* Record extracts *
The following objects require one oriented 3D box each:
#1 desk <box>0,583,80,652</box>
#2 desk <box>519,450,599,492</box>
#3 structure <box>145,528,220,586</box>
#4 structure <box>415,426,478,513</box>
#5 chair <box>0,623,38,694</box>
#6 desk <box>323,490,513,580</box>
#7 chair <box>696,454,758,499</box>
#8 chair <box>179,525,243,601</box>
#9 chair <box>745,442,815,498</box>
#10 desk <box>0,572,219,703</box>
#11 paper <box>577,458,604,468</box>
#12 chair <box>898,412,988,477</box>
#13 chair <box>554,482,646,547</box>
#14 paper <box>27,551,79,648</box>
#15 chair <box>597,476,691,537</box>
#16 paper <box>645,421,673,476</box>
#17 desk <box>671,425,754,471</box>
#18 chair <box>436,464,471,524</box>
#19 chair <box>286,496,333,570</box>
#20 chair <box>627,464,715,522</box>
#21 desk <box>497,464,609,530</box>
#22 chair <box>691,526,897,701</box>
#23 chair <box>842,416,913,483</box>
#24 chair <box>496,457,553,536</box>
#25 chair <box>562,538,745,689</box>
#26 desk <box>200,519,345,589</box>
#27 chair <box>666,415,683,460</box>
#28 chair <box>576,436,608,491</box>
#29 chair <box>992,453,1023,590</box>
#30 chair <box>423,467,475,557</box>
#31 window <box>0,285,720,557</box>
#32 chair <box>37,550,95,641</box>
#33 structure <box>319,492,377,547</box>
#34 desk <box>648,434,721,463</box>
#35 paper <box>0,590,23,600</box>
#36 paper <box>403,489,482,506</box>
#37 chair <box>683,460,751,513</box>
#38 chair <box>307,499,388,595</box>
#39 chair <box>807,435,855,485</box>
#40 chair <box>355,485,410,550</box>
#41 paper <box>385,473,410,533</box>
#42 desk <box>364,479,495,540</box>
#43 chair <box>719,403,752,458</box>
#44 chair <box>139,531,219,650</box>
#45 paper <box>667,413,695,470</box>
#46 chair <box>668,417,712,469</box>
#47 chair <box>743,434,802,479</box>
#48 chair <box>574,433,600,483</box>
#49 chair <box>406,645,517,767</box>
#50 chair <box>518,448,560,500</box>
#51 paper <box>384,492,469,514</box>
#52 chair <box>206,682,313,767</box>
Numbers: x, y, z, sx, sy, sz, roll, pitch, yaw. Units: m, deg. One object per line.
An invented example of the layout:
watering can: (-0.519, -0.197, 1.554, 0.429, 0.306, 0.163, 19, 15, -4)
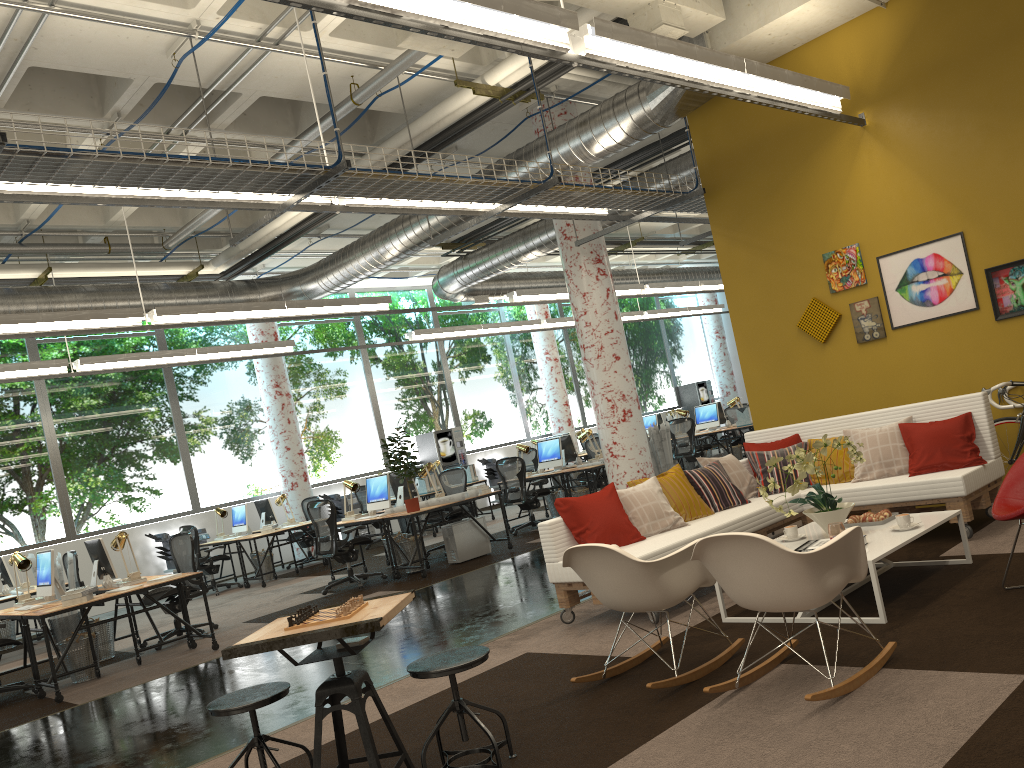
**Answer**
desk: (-6.419, 3.029, 11.031, 1.394, 0.723, 1.953, -9, -4, -44)
desk: (1.326, 1.857, 18.530, 1.394, 0.723, 1.953, -9, -4, -44)
structure: (-5.302, 2.839, 14.433, 1.053, 1.057, 0.506, -10, -2, -44)
structure: (-1.342, 1.860, 18.348, 0.746, 1.809, 0.642, -11, -1, -44)
chair: (-4.674, 2.271, 7.767, 0.774, 1.085, 0.789, -13, -2, 30)
desk: (-1.200, 1.890, 10.899, 1.394, 0.724, 1.953, -9, -4, -44)
chair: (1.794, 0.760, 7.232, 0.543, 0.437, 0.336, -10, -2, -39)
chair: (-4.532, 2.580, 13.134, 0.774, 1.085, 0.789, -13, -2, 30)
chair: (2.188, 0.700, 7.186, 0.518, 0.392, 0.357, -13, -2, 15)
desk: (-3.871, 2.313, 8.269, 1.394, 0.723, 1.953, -9, -4, -44)
paper: (1.275, 1.095, 12.534, 0.571, 0.061, 0.623, -15, -5, 44)
chair: (3.122, 0.443, 6.440, 0.521, 0.394, 0.333, -13, -2, 24)
chair: (0.591, 0.936, 6.076, 0.532, 0.444, 0.303, -11, -2, -27)
paper: (-5.329, 2.517, 10.411, 0.442, 1.197, 0.411, -12, -1, 24)
chair: (0.946, 0.901, 6.353, 0.522, 0.401, 0.333, -11, -2, -25)
paper: (2.078, 1.073, 12.484, 0.442, 1.197, 0.411, -12, -1, 24)
desk: (3.883, 1.139, 15.772, 1.394, 0.723, 1.953, -9, -4, -44)
chair: (-1.145, 2.083, 16.669, 0.774, 1.085, 0.789, -13, -2, 30)
chair: (-3.366, 2.419, 14.518, 0.774, 1.085, 0.789, -13, -2, 30)
chair: (1.192, 0.848, 6.637, 0.544, 0.438, 0.318, -11, -2, -31)
desk: (0.987, 1.586, 13.104, 1.394, 0.723, 1.953, -9, -4, -44)
chair: (1.216, 0.949, 3.913, 0.790, 0.753, 0.618, -10, -3, -44)
chair: (2.819, 0.506, 6.740, 0.528, 0.427, 0.310, -13, -2, 25)
chair: (0.184, 1.544, 12.603, 0.774, 1.085, 0.789, -13, -2, 30)
chair: (0.682, 1.099, 4.490, 0.790, 0.753, 0.618, -10, -3, -44)
desk: (-3.729, 2.622, 13.636, 1.394, 0.723, 1.953, -9, -4, -44)
chair: (3.999, 1.304, 21.648, 0.774, 1.085, 0.789, -13, -2, 30)
chair: (1.350, 1.384, 13.987, 0.774, 1.085, 0.789, -13, -2, 30)
chair: (2.701, 0.625, 4.318, 0.639, 0.811, 0.832, -13, -2, 20)
chair: (-0.837, 1.687, 11.781, 0.774, 1.085, 0.789, -13, -2, 30)
window: (-3.582, 0.033, 17.110, 26.075, 3.760, 0.050, -9, -3, -44)
chair: (-6.056, 2.827, 11.913, 0.774, 1.085, 0.789, -13, -2, 30)
structure: (-3.002, 2.491, 16.664, 1.053, 1.057, 0.506, -10, -2, -44)
desk: (3.636, 1.507, 20.766, 1.394, 0.723, 1.953, -9, -4, -44)
paper: (-6.132, 2.538, 10.461, 0.571, 0.061, 0.623, -15, -5, 44)
paper: (-0.905, 1.389, 10.511, 1.136, 0.082, 0.083, -13, -2, 11)
chair: (1.553, 0.821, 6.897, 0.521, 0.407, 0.343, -11, -2, -28)
chair: (-2.003, 1.847, 10.397, 0.774, 1.085, 0.789, -13, -2, 30)
chair: (2.559, 0.613, 7.043, 0.524, 0.381, 0.364, -14, -3, 43)
chair: (-2.311, 2.244, 15.285, 0.774, 1.085, 0.789, -13, -2, 30)
paper: (-2.125, 2.251, 16.998, 0.442, 1.197, 0.411, -12, -1, 24)
desk: (-1.508, 2.286, 15.786, 1.394, 0.723, 1.953, -9, -4, -44)
chair: (4.246, 0.937, 16.654, 0.774, 1.085, 0.789, -13, -2, 30)
chair: (-3.508, 2.111, 9.151, 0.774, 1.085, 0.789, -13, -2, 30)
paper: (3.266, 1.105, 16.984, 0.442, 1.197, 0.411, -12, -1, 24)
chair: (3.080, 1.097, 15.270, 0.774, 1.085, 0.789, -13, -2, 30)
chair: (2.244, 0.666, 7.475, 0.536, 0.437, 0.286, -13, -2, 19)
chair: (1.689, 1.654, 19.413, 0.774, 1.085, 0.789, -13, -2, 30)
chair: (-0.210, 1.361, 3.612, 0.347, 0.497, 0.337, -12, -1, 6)
chair: (0.523, 1.814, 18.028, 0.774, 1.085, 0.789, -13, -2, 30)
paper: (-1.025, 1.408, 10.396, 1.138, 0.082, 0.082, -13, -2, 21)
chair: (-1.053, 1.546, 3.710, 0.347, 0.497, 0.337, -12, -1, 6)

* Exercise prompt *
The required output is every line above from the one with "#38 chair <box>307,499,388,595</box>" down to the one with "19, 15, -4)", restated word for word, ends included.

* Task output *
#38 chair <box>307,499,388,595</box>
#39 chair <box>807,435,855,485</box>
#40 chair <box>355,485,410,550</box>
#41 paper <box>385,473,410,533</box>
#42 desk <box>364,479,495,540</box>
#43 chair <box>719,403,752,458</box>
#44 chair <box>139,531,219,650</box>
#45 paper <box>667,413,695,470</box>
#46 chair <box>668,417,712,469</box>
#47 chair <box>743,434,802,479</box>
#48 chair <box>574,433,600,483</box>
#49 chair <box>406,645,517,767</box>
#50 chair <box>518,448,560,500</box>
#51 paper <box>384,492,469,514</box>
#52 chair <box>206,682,313,767</box>
Numbers: x, y, z, sx, sy, sz, roll, pitch, yaw. Units: m, deg. One object per line.
An invented example of the layout:
watering can: (-0.519, -0.197, 1.554, 0.429, 0.306, 0.163, 19, 15, -4)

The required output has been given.